Protecting your intellectual property has always been important but in the context of our knowledge-based economy intellectual assets are more important than ever. The basic principles of organizing and managing intellectual property are pretty the same; nonetheless, the current digital environment demands even more in terms of consistent archiving of all your patents, innovations, and know-how should an argument about the respective IP rights arise.
Any business should consider archiving their business-critical intellectual property, especially when digital assets such as software apps or innovative processes and procedures are concerned. You can start by creating a simple table of your IP properties and check all the required steps you must take to secure ownership of your IP rights and mitigate risks associated with infringement of copyright.
Source: BananaIP
Any Contract Includes a Sort of IP Rights
Actually, any business contract covers a sort of intellectual property. Those may include subject matters such as technology, software, work of authorship, data, product, method, test, encryption key, password or any other asset of yours. You definitely must protect such intellectual assets and that is where intellectual archive services come of help. Disputes among business partners are common and even more disputes about copyright arise between competitors. So you must be prepared in advance for occurrence of such disputes by opting for an IP archive service by an unbiased third party.
The good news is that you can store basically any type of intellectual property with an IP archive. You can store your intellectual property using different storage methods and update your materials as your project or idea evolves. Usually, companies archive documents, drawings, electronic databases, software source code, samples or prototypes, but you can archive any type of materials you have in place.
As the Society of American Archivists (SAA) says in one of their guideline documents, basic legislation and principles of IP property management should embrace “…responsible use of intellectual properties, promotes the free exchange of ideas, and protects the economic interests of copyright holders.” This, however, does not mean you should take your copyrights for granted. Inclusion of an IP protection clause is mandatory for any business contract while using IP archive service enables continuous IP protection.
IP Legislations May Contradict with Each Other
The SAA’s document also says, “Copyright laws should encourage enhanced ease of compliance rather than increasingly punitive enforcement measures.” This is only a statement about how legislation in the field of intellectual property rights should act, though. It has no force from legislative point of view and you should also bear in mind that IP legislation may differ significantly from country to country.
By archiving your intellectual property, you get protection for both your patentable and non-patentable work and you can claim IP ownerships all over the world. Patenting your work is a good method to protect against someone else using your innovations but it may not work in case of software development, for instance. Software is basically a set of instructions for a machine to process and produce certain outcomes. These very outcomes, however, can be achieved using different programming code and different instructions. So you need you work protected in progress – while you develop your software source code – to have practical evidence how your final product has evolved over time.
Thus, you get IP protection regardless of the jurisdiction and even in case a competitor is infringing your copyright by applying a different set of machine instructions. A similar approach to IP archiving is suitable also for manufacturers where a small tweak of a machine part can produce massive cost savings while such tweaks are mostly non-patentable yet subject to exclusive rights.

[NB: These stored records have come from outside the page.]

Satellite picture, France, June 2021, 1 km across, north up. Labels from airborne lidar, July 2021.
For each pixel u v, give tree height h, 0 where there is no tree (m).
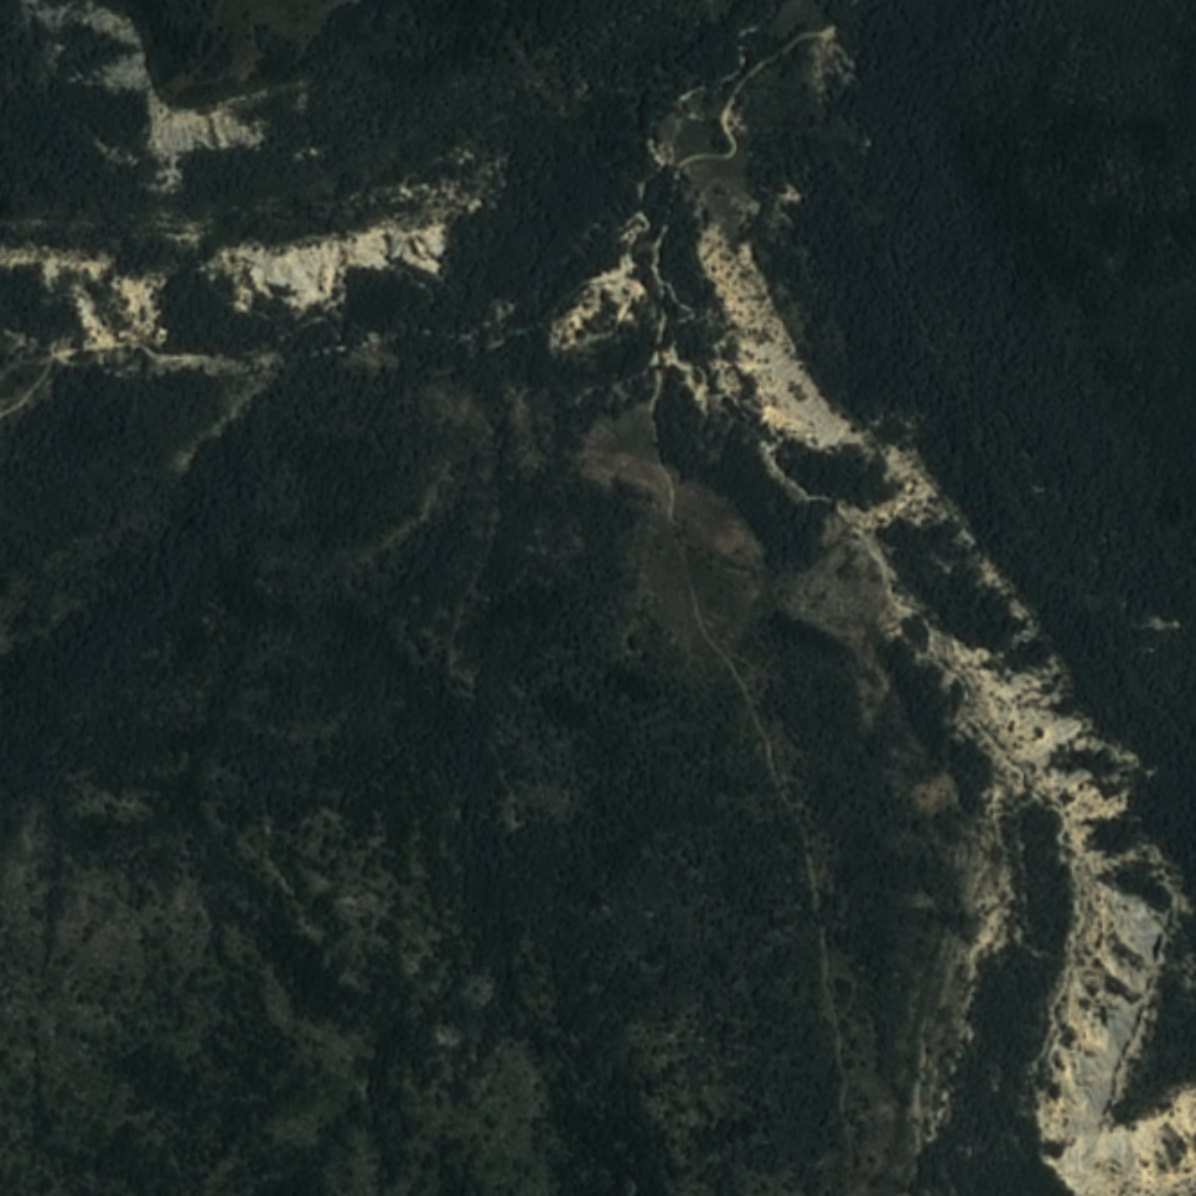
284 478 9
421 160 8
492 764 6
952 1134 7
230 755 9
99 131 9
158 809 7
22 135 7
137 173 7
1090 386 6
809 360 7
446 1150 8
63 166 9
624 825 7
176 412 6
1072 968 0
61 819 7
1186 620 6
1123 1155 0
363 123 10
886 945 7
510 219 12
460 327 12
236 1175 7
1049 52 8
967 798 6
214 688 9
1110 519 8
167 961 7
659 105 10
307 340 6
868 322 8
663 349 6
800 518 5
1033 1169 7
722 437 7
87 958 0
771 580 0
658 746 8
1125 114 8
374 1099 8
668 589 0
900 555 6
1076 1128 0
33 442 6
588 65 11
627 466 0
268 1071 7
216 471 9
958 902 6
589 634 10
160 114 0
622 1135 9
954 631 8
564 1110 6
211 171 8
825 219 9
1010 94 8
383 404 11
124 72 0
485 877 9
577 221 15
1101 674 8
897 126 10
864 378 9
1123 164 7
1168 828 8
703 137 0
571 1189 8
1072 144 7
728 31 15
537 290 11
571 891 8
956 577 7
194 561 11
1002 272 6
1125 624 6
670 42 11
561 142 11
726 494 8
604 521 8
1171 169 9
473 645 5
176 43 7
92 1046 6
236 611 9
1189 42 8
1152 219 8
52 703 7
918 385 10
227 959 7
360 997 9
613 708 6
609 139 9
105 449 7
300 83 0
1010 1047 7
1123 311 7
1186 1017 8
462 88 8
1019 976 7
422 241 0
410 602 6
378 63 7
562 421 7
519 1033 7
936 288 8
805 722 7
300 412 7
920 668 7
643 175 6
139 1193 6
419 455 10
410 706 7
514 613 10
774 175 8
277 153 8
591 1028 9
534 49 14
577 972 9
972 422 9
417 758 7
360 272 8
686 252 8
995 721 0
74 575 8
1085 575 6
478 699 7
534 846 8
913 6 12
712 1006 7
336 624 9
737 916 8
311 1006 9
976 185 6
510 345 9

Beyond Protection of Ideas
Close to 300,000 patents have been filled only with the European Patent Office in 2016. These patents represent a lot of ideas businesses want to apply in manufacturing and service delivery activities. Protecting your ideas at an early stage is a good overall strategy to secure copyright over your basic inventions, innovative processes or disruptive technology.
Source: Statista
Any product, however, is a work in progress. By using IP archiving service you get a solution to save your work in progress – not only the original idea, which you may also patent, but all accompanying work as well as prototypes you are not using in practice but may well use in the future. Protecting your business ideas is vital while protecting materials pertaining to future growth is also of utmost importance.
You may, for instance, grant patents for a certain technology and benefit from the royalties you collect. But, if accompanying technology or processes are not well documented and stored in safe place, you can end up with an outdated patent whose core principles have been pushed further by companies who build on your patented work. That is why it pays off to store and archive all your works pertaining to a good business idea – from initial drawings to prototypes to source code.
Documenting the evolution of a business idea is a tool to protect your copyright before any court and in any dispute concerning intellectual property. The very IP archiving service is quite similar to a source code escrow service but it goes beyond that by providing the means to document the progress of every piece of intellectual property you may have.